En tercer lugar, ha sido imposible para mí abstraerme de mi condición de padre y de rememorar una y otra vez al niño que fui. Recuerdo que a mis siete años le tenía miedo a casi todo. Le tenía miedo a la oscuridad y a la soledad. Si se combinaban las dos, la oscuridad y la soledad, el pánico me hacia correr con una mueca de terror hacia la luz, hacia la compañía. Me daban miedo los regaños de mi mamá, la fuerza de mis hermanos y la seriedad de mi papá. Me daban miedo los ruidos estridentes y los susurros que no identificaba. Creía en fantasmas, en zombies, en momias y en todo lo que viniera de la muerte para asustarme. Me daba miedo no haber hecho la tarea y la amonestación de la maestra. Me daban miedo mis compañeritos fortachos y me daba miedo cruzar la calle solo. Mis siete años fueron la edad del miedo. Lo viví con intensidad a pesar de que nunca me pasó nada extraordinario, salvo una vez que se me movió una mesa de noche sola. Al final, creo que esa mesa no la movió nada distinto al miedo. Bien, todo esto lo digo porque creo que todos vivimos los siete años acompañados del miedo como algo natural al descubrir el mundo y sus riesgos, los verdaderos y los de la imaginación. Y lo digo porque no me imagino qué pudo sentir la pequeña Yuliana de siete años a la que sus peores temores se le volvieron una realidad tremendamente cruel, vacía de piedad y con toda la sevicia de un monstruo que se salió de cualquier pesadilla para hacerla sufrir, doler, desgarrar y sofocar hasta morir. Solo por empatía, por solidaridad, por mera curiosidad vuelva cada uno de ustedes a sus siete años y piense en lo que más le daba miedo. Ahora quizás estos recuerdos sean solo anécdotas. Para Yuliana Andrea Samboní Muñoz fue su último instante, su último respiro, su último juego infantil antes de terminar su existencia en las garras, en el pene, en los instintos más bajos y macabros del capricho de un maldito psicópata avalado por la complacencia de una familia permisiva y pusilánime. Yo recuerdo mis miedos de los siete años conteniendo la respiración porque siempre temí que se convirtieran en realidad. Ahora que se acaba este 2016, el año de Yuliana, no puedo sacarme de la cabeza a la pobre niña salida de una vereda de Bolívar, Cauca resistiéndose a los miedos más grandes de un niño: La muerte y el dolor. No lo puedo superar y tiemblo escribiendo estas líneas. No lo puedo evitar. No me puedo contener. Esto me deshace y me marca con un sello indeleble este 2016.

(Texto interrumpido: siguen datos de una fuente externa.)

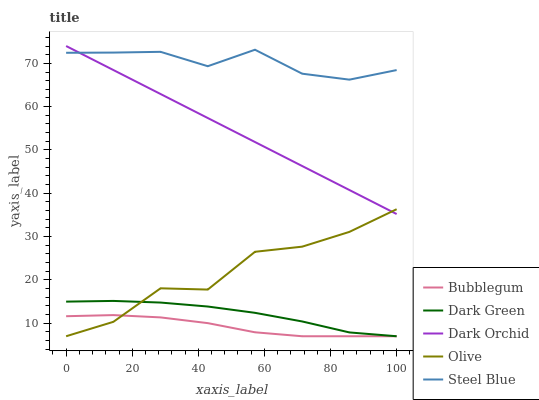Does Bubblegum have the minimum area under the curve?
Answer yes or no. Yes. Does Steel Blue have the maximum area under the curve?
Answer yes or no. Yes. Does Dark Orchid have the minimum area under the curve?
Answer yes or no. No. Does Dark Orchid have the maximum area under the curve?
Answer yes or no. No. Is Dark Orchid the smoothest?
Answer yes or no. Yes. Is Olive the roughest?
Answer yes or no. Yes. Is Steel Blue the smoothest?
Answer yes or no. No. Is Steel Blue the roughest?
Answer yes or no. No. Does Dark Orchid have the lowest value?
Answer yes or no. No. Does Steel Blue have the highest value?
Answer yes or no. No. Is Dark Green less than Dark Orchid?
Answer yes or no. Yes. Is Steel Blue greater than Dark Green?
Answer yes or no. Yes. Does Dark Green intersect Dark Orchid?
Answer yes or no. No. 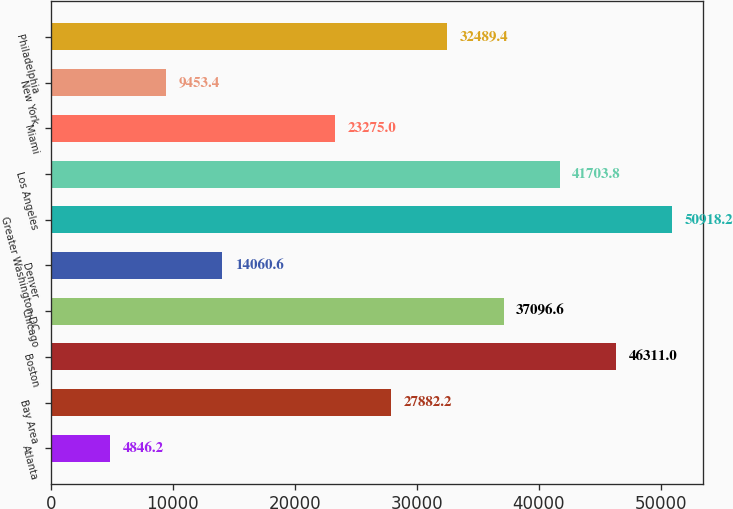Convert chart to OTSL. <chart><loc_0><loc_0><loc_500><loc_500><bar_chart><fcel>Atlanta<fcel>Bay Area<fcel>Boston<fcel>Chicago<fcel>Denver<fcel>Greater Washington DC<fcel>Los Angeles<fcel>Miami<fcel>New York<fcel>Philadelphia<nl><fcel>4846.2<fcel>27882.2<fcel>46311<fcel>37096.6<fcel>14060.6<fcel>50918.2<fcel>41703.8<fcel>23275<fcel>9453.4<fcel>32489.4<nl></chart>

El 2016 para mí fue el año de Yuliana y su martirio se ha convertido en el símbolo de todo por lo que debemos luchar para recuperar la dignidad de un país vapuleado por sus clases dominantes. Que en 2017 la lucha por los derechos de los niños y las niñas se constituya en el verdadero camino hacia la paz. No entiendo cómo Juan Manuel Santos se pudo parar con tanto orgullo, altivez y convicción frente a la comunidad internacional para recibir un Nobel de Paz mientras en Colombia despedazaban la integridad, dignidad y vida de la pequeña Yuliana. No entiendo cómo se puede reducir una palabra tan importante y amplia como “paz” a una simple negociación entre dos actores violentos e interesados que solo están definiendo una repartición complaciente de poder mientras a nuestros niños y niñas los abusan, los torturan, los asesinan y los dejan morir de hambre. ¿Cuál paz? La paz está en reivindicar la memoria de la pequeña Yuliana para que esto jamás vuelva a pasar.

Feliz 2017 para todos ustedes. Que ojalá el próximo sea el año de los niños y las niñas de Colombia, por nuestro verdadero futuro, por nuestra verdadera paz.